La Iglesia es una comunidad de hombres que se han convertido

1915
“El hombre es asimismo imagen del Dios-Trino, ya que está hecho para la comunión de diversas personas en una misma vida, tal como se realiza naturalmente en la familia y tal como las comunidades están llamadas a realizarlo, por una decisión voluntaria de sus componentes. Una auténtica comunidad de cristianos refleja verdaderamente la imagen de Dios.”

 

Carta – Prólogo del  Rdo. P. Yves M.-J. Congar, O.P. al libro “No hay vida cristiana sin comunidad” 

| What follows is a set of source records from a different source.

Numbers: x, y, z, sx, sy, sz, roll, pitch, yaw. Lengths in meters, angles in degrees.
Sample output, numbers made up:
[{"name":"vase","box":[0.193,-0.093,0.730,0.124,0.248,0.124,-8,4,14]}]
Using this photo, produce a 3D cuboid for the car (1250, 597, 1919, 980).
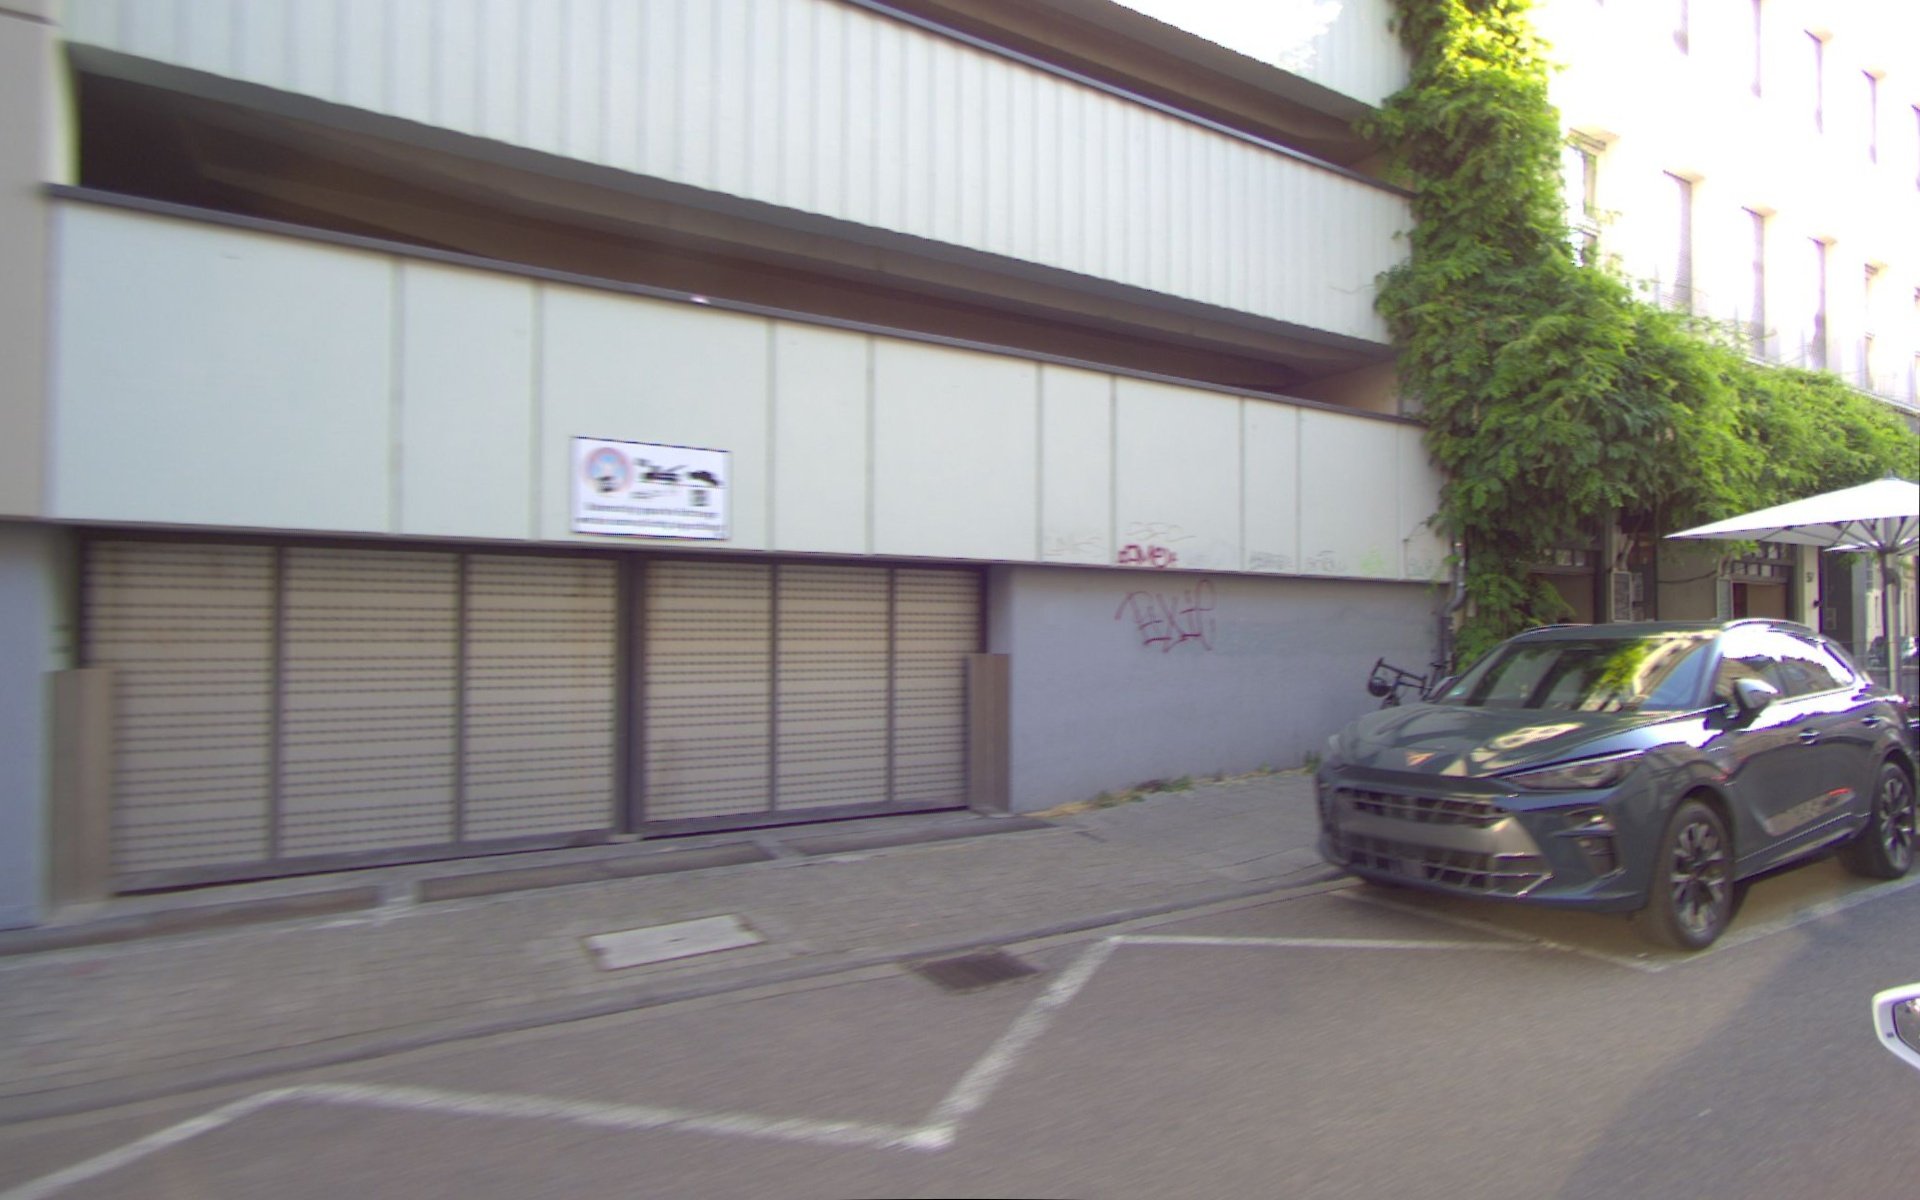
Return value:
[{"name":"car","box":[4.174,0.882,6.262,4.718,1.588,1.871,1,-4,-32]}]

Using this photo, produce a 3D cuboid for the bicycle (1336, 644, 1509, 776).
[{"name":"bicycle","box":[4.570,1.038,9.891,1.772,1.175,0.640,1,-1,-29]}]

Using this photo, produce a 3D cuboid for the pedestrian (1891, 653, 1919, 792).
[{"name":"pedestrian","box":[8.532,1.045,8.520,0.726,1.181,0.554,0,-2,2]}]

Ha tenido usted conmigo la deferencia de pedirme una introducción. ¡Como si el Abbé Michonneau tuviera necesidad de ser introducido! Como si, entre mi prosa y la de usted, los lectores no prefirieran espontáneamente la auténtica, obedeciendo a una especie de instinto que no falla, y del que Bernanos daba la fórmula en “Juana, relapsa y santa”: Nuestra Iglesia es la Iglesia de los Santos… En ella respetamos los servicios, la intendencia, los prebendados, los estrategas y los cartógrafos, pero nuestro corazón va hacia aquellos que se dejan matar… Usted ha encontrado una fuente, y ha construido un camino que conduce hacia ella, ¡y ahora resulta que acude a un cartógrafo para que le eche una mano!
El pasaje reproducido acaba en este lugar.